### TASK DESCRIPTION
Of the lines in the listing below, count those containing "Adrian". Provide the count and nothing else.

### RECORDS PROVIDED
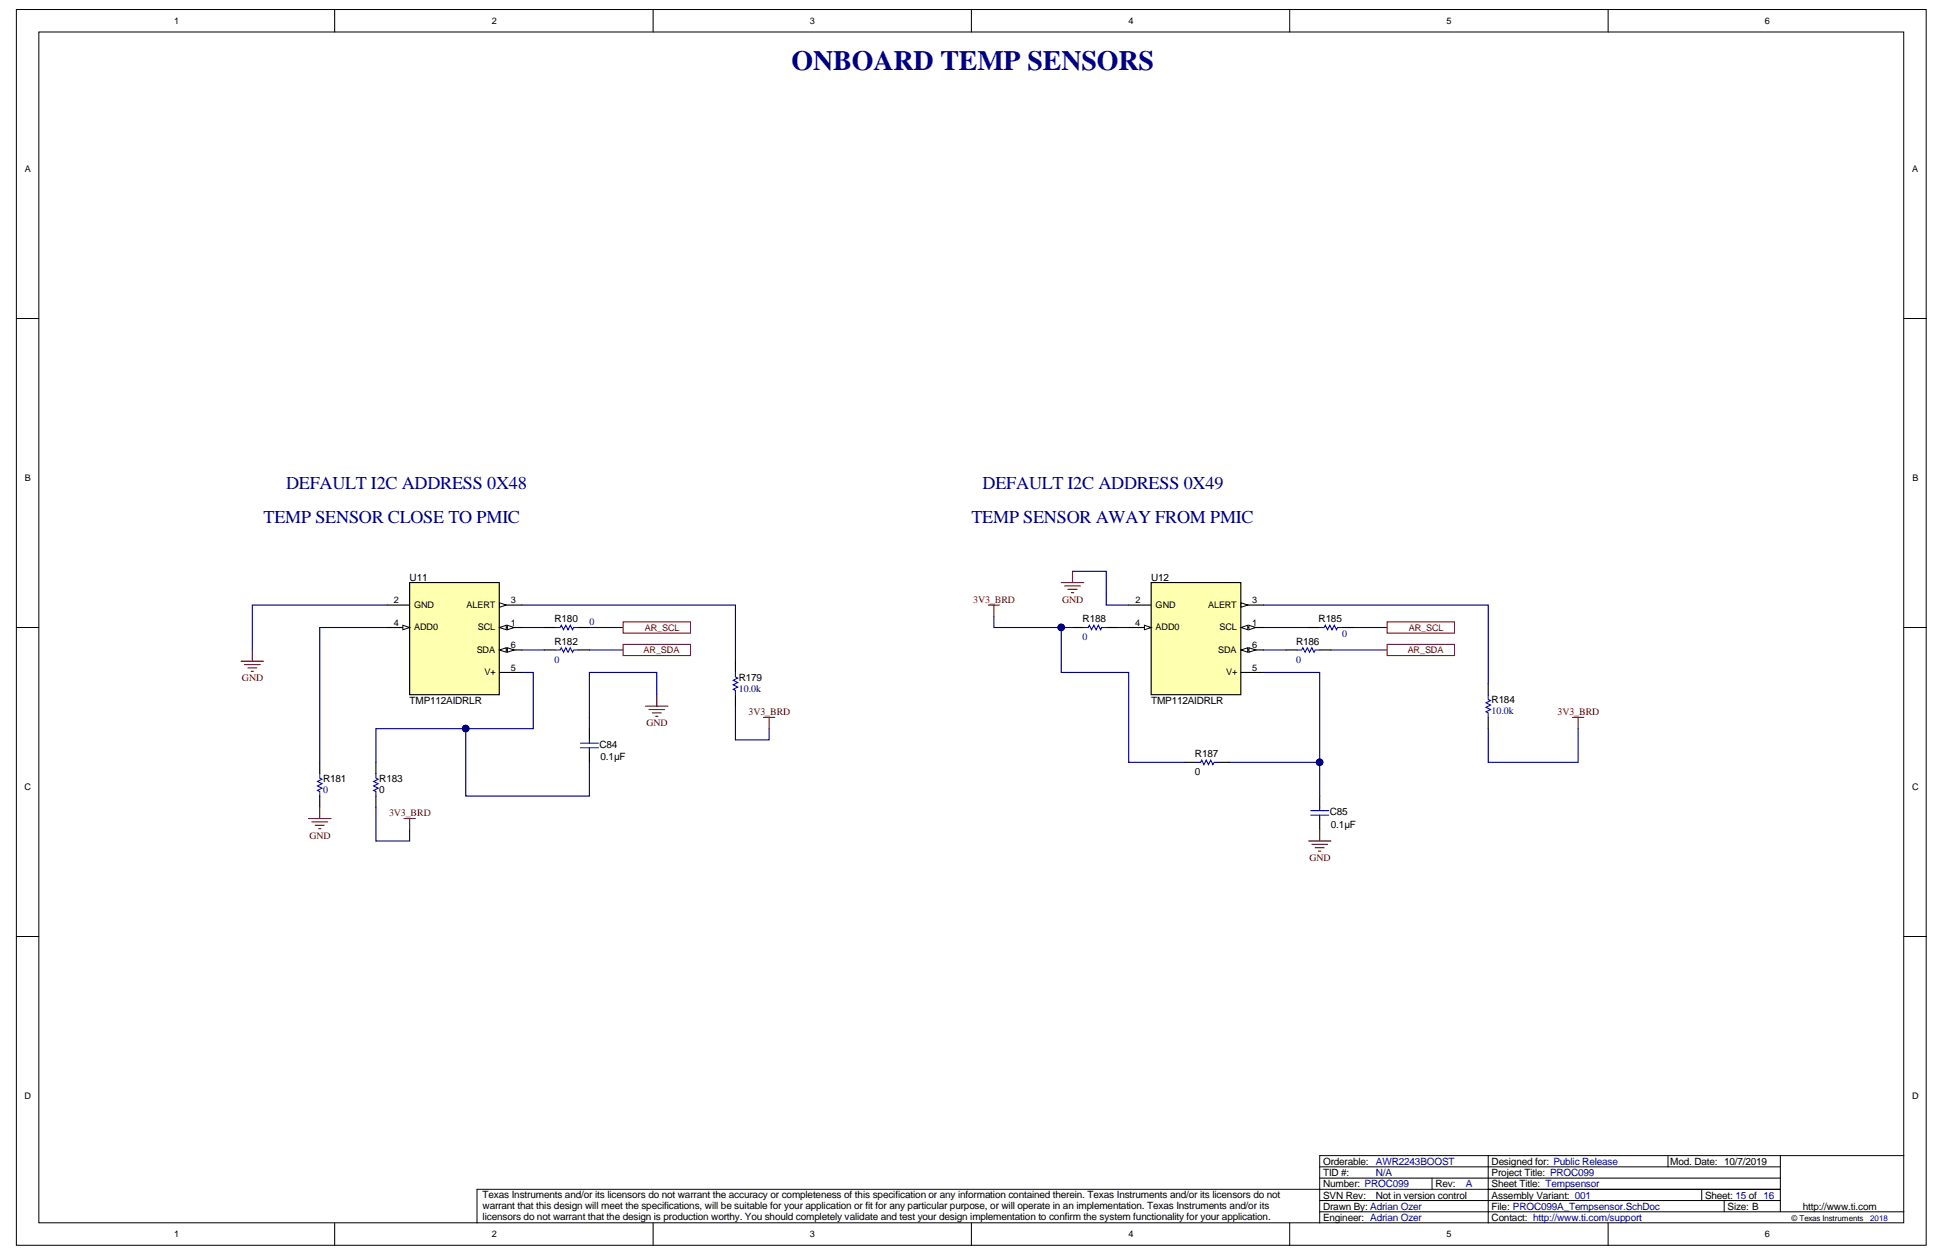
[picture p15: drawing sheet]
<svg xmlns="http://www.w3.org/2000/svg" width="432mm" height="279mm" viewBox="0 0 432 279" stroke-linecap="round" stroke-linejoin="round" font-family="sans-serif">
<defs><g id="words">
<text font-size="6.2" fill="#000080" x="175.8" y="15.6">ONBOARD TEMP SENSORS</text>
<g font-size="4" fill="#000080">
<text x="63.5" y="108.6">DEFAULT I2C ADDRESS 0X48</text>
<text x="218.3" y="108.6">DEFAULT I2C ADDRESS 0X49</text>
<text x="58.5" y="116.1">TEMP SENSOR CLOSE TO PMIC</text>
<text x="215.8" y="116.1">TEMP SENSOR AWAY FROM PMIC</text>
</g>
<g font-size="2.2">
<text x="91" y="129">U11</text>
<text x="255.7" y="129">U12</text>
<text x="123.2" y="138.2">R180</text>
<text x="123.2" y="143.2">R182</text>
<text x="240.5" y="138.2">R188</text>
<text x="287.9" y="143.2">R186</text>
<text x="292.9" y="138.2">R185</text>
<text x="164.1" y="151.2">R179</text>
<text x="91" y="156.5">TMP112AIDRLR</text>
<text x="255.7" y="156.5">TMP112AIDRLR</text>
<text x="331.3" y="156.2">R184</text>
<text x="133.2" y="166.2">C84</text>
<text x="71.8" y="173.7">R181</text>
<text x="84.2" y="173.7">R183</text>
<text x="133.4" y="168.9">0.1µF</text>
<text x="265.4" y="172.2">0</text>
<text x="265.4" y="168.2">R187</text>
<text x="84.2" y="176.2">0</text>
<text x="295.4" y="181.2">C85</text>
<text x="295.6" y="183.9">0.1µF</text>
<text x="293.9" y="263.8">Number: PROC099</text>
<text x="293.9" y="261.3">TID #:</text>
<text x="293.9" y="258.8">Orderable:</text>
<text x="318.8" y="263.8">Rev:</text>
<text x="331.3" y="263.8">Sheet Title: Tempsensor</text>
<text x="331.3" y="261.3">Project Title: PROC099</text>
<text x="331.3" y="258.8">Designed for: Public Release</text>
<text x="371" y="258.8">Mod. Date: 10/7/2019</text>
<text x="107.2" y="266.2">Texas Instruments and/or its licensors do not warrant the accuracy or completeness of this specification or any information contained therein. Texas Instruments and/or its licensors do not</text>
<text x="107.2" y="268.7">warrant that this design will meet the specifications, will be suitable for your application or fit for any particular purpose, or will operate in an implementation. Texas Instruments and/or its</text>
<text x="293.9" y="268.8">Drawn By: Adrian Ozer</text>
<text x="293.9" y="266.3">SVN Rev:</text>
<text x="305.6" y="266.3">Not in version control</text>
<text x="331.3" y="268.8">File: PROC099A_Tempsensor.SchDoc</text>
<text x="331.3" y="266.3">Assembly Variant: 001</text>
<text x="378.7" y="266.3">Sheet: 15 of 16</text>
<text x="383.7" y="268.8">Size: B</text>
<text x="400.4" y="268.8">http://www.ti.com</text>
<text x="107.2" y="271.1">licensors do not warrant that the design is production worthy. You should completely validate and test your design implementation to confirm the system functionality for your application.</text>
<text x="293.9" y="271.3">Engineer: Adrian Ozer</text>
<text x="331.3" y="271.3">Contact: http://www.ti.com/support</text>
</g>
<g font-size="2.2" fill="#800000">
<text x="216.2" y="134">3V3_BRD</text>
<text x="235.9" y="133.9">GND</text>
<text x="53.7" y="151.4">GND</text>
<text x="143.6" y="161.3">GND</text>
<text x="166.3" y="158.9">3V3_BRD</text>
<text x="346" y="158.9">3V3_BRD</text>
<text x="86.4" y="181.4">3V3_BRD</text>
<text x="68.7" y="186.3">GND</text>
<text x="290.8" y="191.3">GND</text>
</g>
<g font-size="2.2" fill="#000080">
<text x="130.9" y="139">0</text>
<text x="240.5" y="142.2">0</text>
<text x="298.1" y="141.4">0</text>
<text x="123.2" y="147.2">0</text>
<text x="287.9" y="147.2">0</text>
<text x="164.1" y="153.7">10.0k</text>
<text x="331.3" y="158.7">10.0k</text>
<text x="71.8" y="176.1">0</text>
<text x="305.6" y="261.3">N/A</text>
<text x="305.6" y="258.8">AWR2243BOOST</text>
<text x="325.6" y="263.8">A</text>
</g>
<g font-size="2">
<text x="38.7" y="5.3">1</text>
<text x="109.2" y="5.3">2</text>
<text x="179.9" y="5.3">3</text>
<text x="250.6" y="5.3">4</text>
<text x="321.3" y="5.3">5</text>
<text x="392" y="5.3">6</text>
<text x="5.5" y="38.3">A</text>
<text x="424.7" y="38.3">A</text>
<text x="5.5" y="106.9">B</text>
<text x="424.8" y="106.9">B</text>
<text x="87.5" y="134">2</text>
<text x="92" y="135">GND</text>
<text x="103.6" y="135">ALERT</text>
<text x="113.4" y="134">3</text>
<text x="252.2" y="134">2</text>
<text x="256.7" y="135">GND</text>
<text x="268.3" y="135">ALERT</text>
<text x="278.2" y="134">3</text>
<text x="87.5" y="139">4</text>
<text x="92" y="140">ADD0</text>
<text x="106.2" y="140">SCL</text>
<text x="113.4" y="139">1</text>
<text x="113.4" y="144">6</text>
<text x="252.2" y="139">4</text>
<text x="256.7" y="140">ADD0</text>
<text x="270.9" y="140">SCL</text>
<text x="278.2" y="139">1</text>
<text x="278.2" y="144">6</text>
<text x="105.9" y="145">SDA</text>
<text x="107.6" y="150">V+</text>
<text x="113.4" y="149">5</text>
<text x="270.6" y="145">SDA</text>
<text x="272.3" y="150">V+</text>
<text x="278.2" y="149">5</text>
<text x="5.5" y="175.6">C</text>
<text x="424.7" y="175.6">C</text>
<text x="5.5" y="244.2">D</text>
<text x="424.7" y="244.2">D</text>
<text x="38.7" y="274.9">1</text>
<text x="109.2" y="274.9">2</text>
<text x="179.9" y="274.9">3</text>
<text x="250.6" y="274.9">4</text>
<text x="321.3" y="274.9">5</text>
<text x="392" y="274.9">6</text>
</g>
<g font-size="2" fill="#800000">
<text x="143.2" y="140.1">AR_SCL</text>
<text x="312.9" y="140.1">AR_SCL</text>
<text x="143" y="145.1">AR_SDA</text>
<text x="312.7" y="145.1">AR_SDA</text>
</g>
<text font-size="1.8" x="397.9" y="271.3">© Texas Instruments</text>
<text font-size="1.8" fill="#000080" x="415.4" y="271.3">2018</text>
</g></defs>
<g fill="#fff" stroke="#000" stroke-width=".22">
<path d="M3.6 2.1h424.2v274.6h-424.2z"/>
<path d="M8.6 7.1h414.3v264.6h-414.3z"/>
</g>
<g fill="none" stroke="#000" stroke-width=".22">
<path d="M74.3 2.1v5M145.1 2.1v5M215.8 2.1v5M286.5 2.1v5M357.2 2.1v5M3.6 70.8h5M422.9 70.8h5M3.6 139.4h5M422.9 139.4h5M3.6 208.1h5M422.9 208.1h5M293.1 259.2h102.4"/>
<path d="M330.6 256.7h-37.5v15M370.5 256.7v2.5M395.5 256.7v12.5M422.9 256.7h-92.3v15M74.3 271.7v5M145.1 271.7v5M215.8 271.7v5M286.5 271.7v5M293.1 269.2h129.8M293.1 266.7h102.4M293.1 261.7h102.4M318.1 261.7v2.5"/>
<path d="M357.2 271.7v5M378 264.2v2.5M383 266.7v2.5M395.5 264.2h-289.5v7.5"/>
</g>
<path d="M220.8 136.9v2.5h14.9M248.2 139.4h2.5M280.7 144.4h4.9M295.6 144.4h12.5" fill="none" stroke="#000080" stroke-width=".25"/>
<circle cx="235.7" cy="139.4" r=".72" fill="#000080" stroke="#000080" stroke-width=".22"/>
<path d="M308.1 143.2h15v2.5h-15z" fill-rule="evenodd" fill="#fff" stroke="#800000" stroke-width=".22"/>
<path d="M280.7 134.4h49.9v17.5M280.7 139.4h9.9M300.6 139.4h7.5M330.6 161.9v7.5h19.9" fill="none" stroke="#000080" stroke-width=".25"/>
<path d="M349.3 159.4h2.5M350.5 159.4v2.5" fill="none" stroke="#800000" stroke-width=".25"/>
<path d="M308.1 138.2h15v2.5h-15z" fill-rule="evenodd" fill="#fff" stroke="#800000" stroke-width=".22"/>
<path d="M235.7 129.4h5M236.5 130.2h3.5M237.2 130.9h2M238 131.7h.5M238.2 126.9v2.5" fill="none" stroke="#800000" stroke-width=".25"/>
<path d="M115.9 139.4h5M130.9 139.4h7.5M245.7 131.9v2.5h5M115.9 144.4h5M130.9 144.4h7.5" fill="none" stroke="#000080" stroke-width=".25"/>
<g fill="#fff" stroke="#800000" stroke-width=".22">
<path d="M138.4 143.2h15v2.5h-15z" fill-rule="evenodd"/>
<path d="M138.4 138.2h15v2.5h-15z" fill-rule="evenodd"/>
</g>
<path d="M86 139.4h-15v30M115.9 134.4h47.5v12.5M115.9 149.4h2.5v12.5h-34.9v7.5M163.4 156.9v7.5M83.5 179.4v7.4M103.5 161.9v15h27.4v-7.5" fill="none" stroke="#000080" stroke-width=".25"/>
<path d="M169.6 159.4h2.5M170.8 159.4v2.5M89.7 181.9h2.5M91 181.9v2.5" fill="none" stroke="#800000" stroke-width=".25"/>
<circle cx="103.4" cy="161.9" r=".72" fill="#000080" stroke="#000080" stroke-width=".22"/>
<path d="M255.7 129.4h19.9v24.9h-19.9z" fill="#ffffb0" stroke="#000" stroke-width=".25"/>
<path d="M275.7 139.4h5" fill="none" stroke="#000" stroke-width=".25"/>
<path d="M275.7 139.4l1.5-.5v1z" fill="#fff"/>
<path d="M275.7 139.4l1.5-.5v1z" fill="none" stroke="#000" stroke-width=".22"/>
<path d="M277.4 138.9l1.5 .5-1.5 .5z" fill="#fff"/>
<path d="M277.4 138.9l1.5 .5-1.5 .5z" fill="none" stroke="#000" stroke-width=".22"/>
<path d="M250.7 134.4h5M275.7 134.4h5" fill="none" stroke="#000" stroke-width=".25"/>
<path d="M275.7 133.9l1.5 .5-1.5 .5z" fill="#fff"/>
<path d="M275.7 133.9l1.5 .5-1.5 .5z" fill="none" stroke="#000" stroke-width=".22"/>
<path d="M250.7 139.4h5" fill="none" stroke="#000" stroke-width=".25"/>
<path d="M254.2 138.9l1.5 .5-1.5 .5z" fill="#fff"/>
<path d="M254.2 138.9l1.5 .5-1.5 .5z" fill="none" stroke="#000" stroke-width=".22"/>
<path d="M275.7 149.4h5M275.7 144.4h5" fill="none" stroke="#000" stroke-width=".25"/>
<path d="M275.7 144.4l1.5-.5v1z" fill="#fff"/>
<path d="M275.7 144.4l1.5-.5v1z" fill="none" stroke="#000" stroke-width=".22"/>
<path d="M277.4 143.9l1.5 .5-1.5 .5z" fill="#fff"/>
<path d="M277.4 143.9l1.5 .5-1.5 .5z" fill="none" stroke="#000" stroke-width=".22"/>
<path d="M91 129.4h19.9v24.9h-19.9z" fill="#ffffb0" stroke="#000" stroke-width=".25"/>
<path d="M110.9 139.4h5" fill="none" stroke="#000" stroke-width=".25"/>
<path d="M110.9 139.4l1.5-.5v1z" fill="#fff"/>
<path d="M110.9 139.4l1.5-.5v1z" fill="none" stroke="#000" stroke-width=".22"/>
<path d="M112.7 138.9l1.5 .5-1.5 .5z" fill="#fff"/>
<path d="M112.7 138.9l1.5 .5-1.5 .5z" fill="none" stroke="#000" stroke-width=".22"/>
<path d="M86 134.4h5M110.9 134.4h5" fill="none" stroke="#000" stroke-width=".25"/>
<path d="M110.9 133.9l1.5 .5-1.5 .5z" fill="#fff"/>
<path d="M110.9 133.9l1.5 .5-1.5 .5z" fill="none" stroke="#000" stroke-width=".22"/>
<path d="M86 139.4h5" fill="none" stroke="#000" stroke-width=".25"/>
<path d="M89.5 138.9l1.5 .5-1.5 .5z" fill="#fff"/>
<path d="M89.5 138.9l1.5 .5-1.5 .5z" fill="none" stroke="#000" stroke-width=".22"/>
<path d="M110.9 149.4h5M110.9 144.4h5" fill="none" stroke="#000" stroke-width=".25"/>
<path d="M110.9 144.4l1.5-.5v1z" fill="#fff"/>
<path d="M110.9 144.4l1.5-.5v1z" fill="none" stroke="#000" stroke-width=".22"/>
<path d="M112.7 143.9l1.5 .5-1.5 .5z" fill="#fff"/>
<path d="M112.7 143.9l1.5 .5-1.5 .5z" fill="none" stroke="#000" stroke-width=".22"/>
<g fill="none" stroke="#000" stroke-width=".25">
<path d="M120.9 139.4h2.5M128.4 139.4h2.5M238.2 139.4h2.5M245.7 139.4h2.5M290.6 139.4h2.5M298.1 139.4h2.5M120.9 144.4h2.5M128.4 144.4h2.5M163.4 146.9v2.5M163.4 154.4v2.5M285.6 144.4h2.5M293.1 144.4h2.5"/>
<path d="M330.6 151.9v2.5M330.6 159.4v2.5M71 169.4v2.5M71 176.9v2.5M83.5 169.4v2.5M83.5 176.9v2.5M130.9 161.9v2.5M130.9 166.9v2.5M263.2 169.4h2.5M270.7 169.4h2.5M293.1 176.9v2.5M293.1 181.9v2.5"/>
</g>
<g fill="none" stroke="#00f" stroke-width=".25">
<path d="M123.4 139.4h1l.3-.5 .5 1 .5-1 .5 1 .5-1 .5 1 .2-.5h1M240.7 139.4h1l.3-.5 .5 1 .5-1 .5 1 .5-1 .5 1 .2-.5h1M293.1 139.4h1l.3-.5 .5 1 .5-1 .5 1 .5-1 .5 1 .2-.5h1M123.4 144.4h1l.3-.5 .5 1 .5-1 .5 1 .5-1 .5 1 .2-.5h1M163.4 149.4v1l.5 .2-1 .5 1 .5-1 .5 1 .5-1 .5 .5 .3v1M288.1 144.4h1l.3-.5 .5 1 .5-1 .5 1 .5-1 .5 1 .2-.5h1M330.6 154.4v1l.5 .2-1 .5 1 .5-1 .5 1 .5-1 .5 .5 .3v1M71 171.9v1l.5 .2-1 .5 1 .5-1 .5 1 .5-1 .5 .5 .3v1M83.5 171.9v1l.5 .2-1 .5 1 .5-1 .5 1 .5-1 .5 .5 .3v1M128.9 165.1h4M128.9 166.1h4M130.9 164.4v.7"/>
<path d="M130.9 166.1v.8M265.7 169.4h1l.2-.5 .5 1 .5-1 .5 1 .5-1 .5 1 .3-.5h1M293.1 179.4v.7M291.1 180.1h4M291.1 181.1h4M293.1 181.1v.8"/>
</g>
<g fill="none" stroke="#800000" stroke-width=".25">
<path d="M219.5 134.4h2.5M220.8 134.4v2.5M53.5 146.9h5M54.3 147.7h3.5M55 148.4h2M55.8 149.2h.5M56 144.4v2.5M143.4 156.9h5M144.1 157.6h3.5M144.9 158.4h2M145.6 159.1h.5M145.9 154.4v2.5"/>
<path d="M71 179.4v2.5M68.5 181.9h5M69.3 182.6h3.5M70 183.4h2M70.8 184.1h.5M290.6 186.8h5M291.4 187.6h3.5M292.1 188.3h2M292.9 189.1h.5M293.1 184.4v2.4"/>
</g>
<path d="M86 134.4h-30v10M238.2 126.9h7.5v5M238.2 139.4h-2.5v10h15v20h12.5M145.9 154.4v-5h-15v12.5M280.7 149.4h12.4v20h-19.9M170.8 161.9v2.5h-7.4M293.1 169.4v7.5M350.5 161.9v7.5M91 184.4v2.4h-7.5" fill="none" stroke="#000080" stroke-width=".25"/>
<g fill="#000080" stroke="#000080" stroke-width=".22">
<circle cx="293.1" cy="169.3" r=".72"/>
<circle cx="235.7" cy="139.4" r=".72"/>
</g>
<use href="#words"/>
</svg>

### WORKED SOLUTION
2